According to author Benjamin R. Beede, the rebels encountered no resistance at Boquillas and they successfully looted the town. Lt. Col. Alvarez was somehow captured by the townspeople, although the raiders took two hostages before heading to the Del Carmen mines to steal the company payroll. The hostages were Jesse Deemer and his black Seminole assistant Monroe Payne, a relative of the Indian scouts Adam and Isaac Payne. According to Beede's account, more hostages were taken at the mines but all of them were apparently released before the rebels rode back to Mexico. After the attack on Glenn Springs, Ramirez regrouped with Alvarez's men in Boquillas and they crossed the Rio Grande into the state of Coahuila. The hostages were held in a stolen truck and driven to Mexico. Deemer pretended he was a German while in captivity; this was because of an order issued by Pancho Villa, who viewed Germans as friendlies. When the raid was over, the commercial buildings and some of the houses in Glenn Springs were heavily damaged but Boquillas was left comparatively untouched. At Glenn Springs, the wax factory, the Ellis' store and the adobe building the American soldiers defended were all burned and several houses were looted. The rebels also stole all of Mrs. Ellis' clothing and a day later some of the thieves were seen wearing the clothes near San Vicente, Texas. In all, four Americans had been killed, two captured and at least five wounded or burned. Though successful, at least one Mexican rebel was killed and a few were wounded. Capt. Wood said that on May 6 he found the body of one raider and "seven pools of blood," indicating that some others may have been either killed or wounded. The army later established a camp at Glenn Springs, which it maintained until 1920, when the settlement became a ghost town.

==Aftermath==
When Gen. Hugh L. Scott learned of the attack he organized another punitive expedition under the joint command of Col. Frederick W. Sibley and Maj. George T. Langhorne. Setting out from Marathon on May 8, the expedition assembled at Jesse Deemer's store in Boquillas, where Col.
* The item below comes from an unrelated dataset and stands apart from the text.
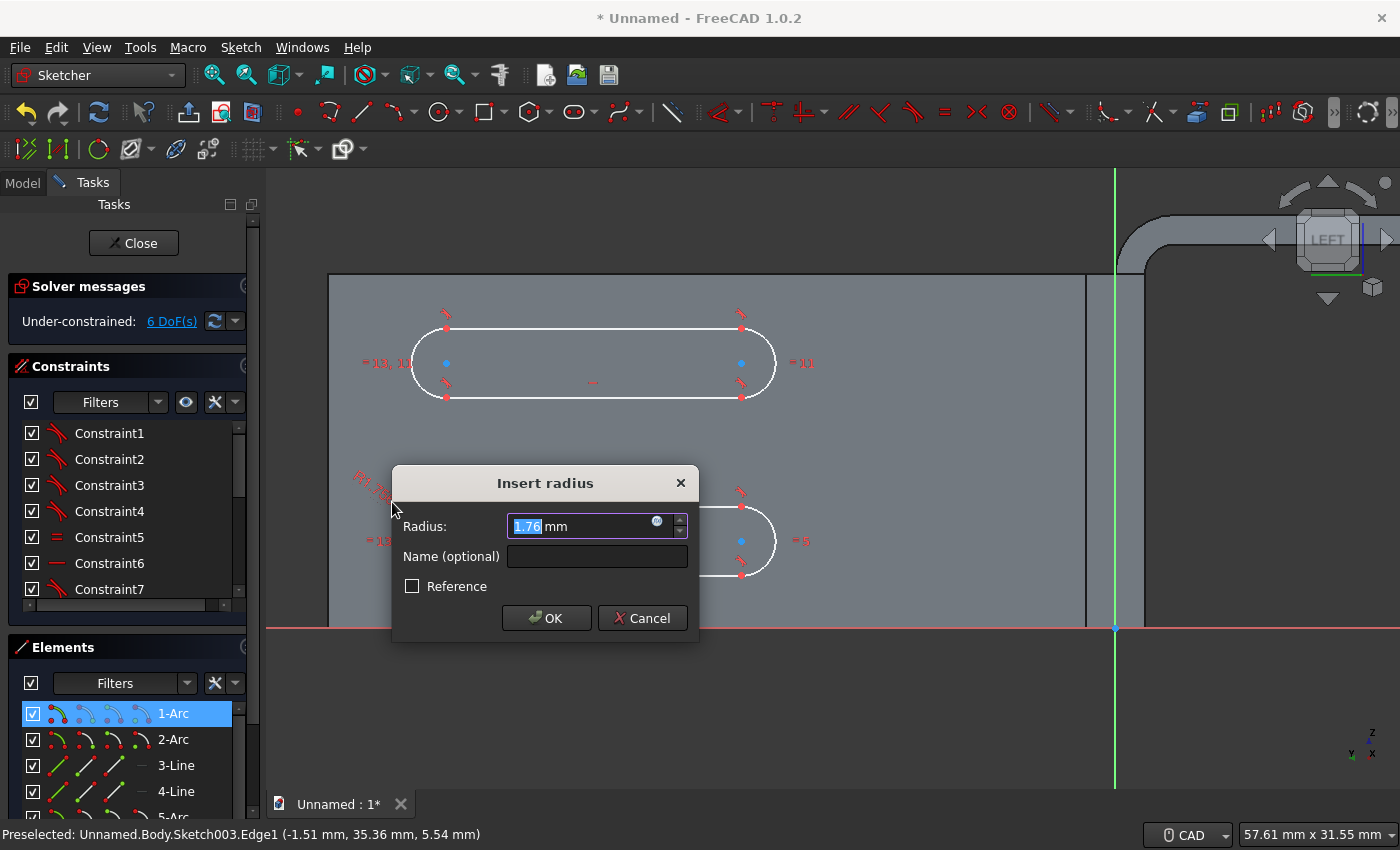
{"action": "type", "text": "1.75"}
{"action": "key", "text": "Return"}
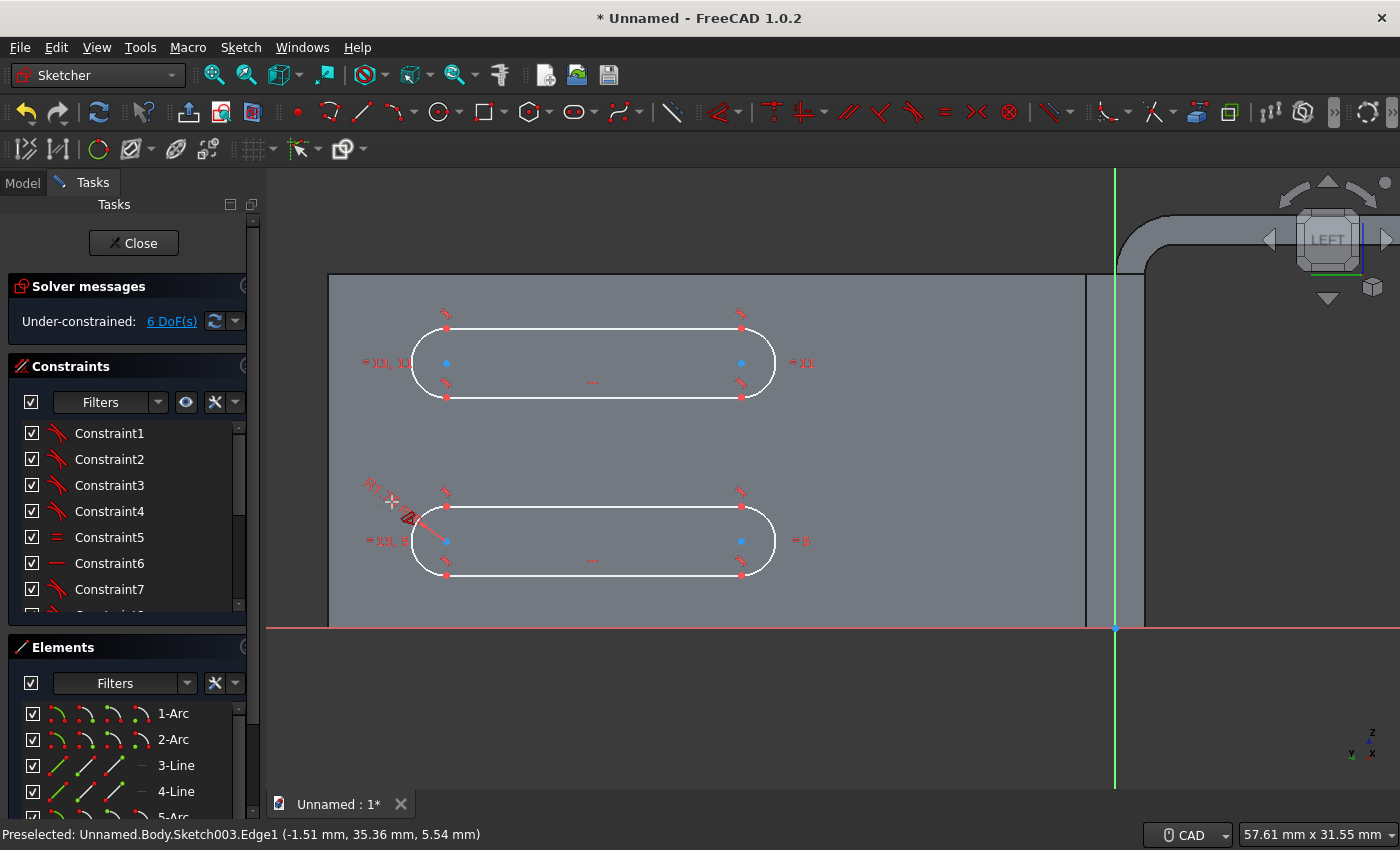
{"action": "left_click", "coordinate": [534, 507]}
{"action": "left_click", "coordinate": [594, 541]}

Sibley allowed Maj. Langhorne to proceed ahead of the main column with two troops of the 8th Cavalry; the remainder of the expedition would then follow in two days. With 80 men, two wagons and one Cadillac touring car, Langhorne crossed the Rio Grande on May 11 and headed for the village of El Pino, Coahuila, where the rebels were holding Deemer and Monroe Payne. Following a 24-hour march, Langhorne arrived at El Pino and learned that the rebels wanted to trade Lt. Col. Alvarez for Deemer and Payne. Langhorne had no intention of negotiating so he put "12 sharpshooters" into the touring car and ordered them to attack the little village. However, when they began their advance, the rebels fled, leaving Deemer and Payne in American hands. Though the two hostages had been liberated, the Americans continued to search for the raiders and, on May 15, a small force of cavalrymen, under the command of Lt. Stuart W. Cramer, engaged in a "brief firefight" at Castillon. Five Mexicans were killed during the skirmish and two more were wounded; there were no casualties on the American side. The expedition occurred while the U.S. and the Mexican government of Venustiano Carranza were holding a peace conference in El Paso. During the conference, Carranza issued a statement saying that Sibley's and Langhorne's "little punitive expedition" was pushing Mexico and the U.S. into war. Carranza had already protested about Gen. Pershing's expedition in Chihuahua, so it was agreed that Sibley and Langhorne would return to the U.S., which they did, on May 25, after a 550-mile journey.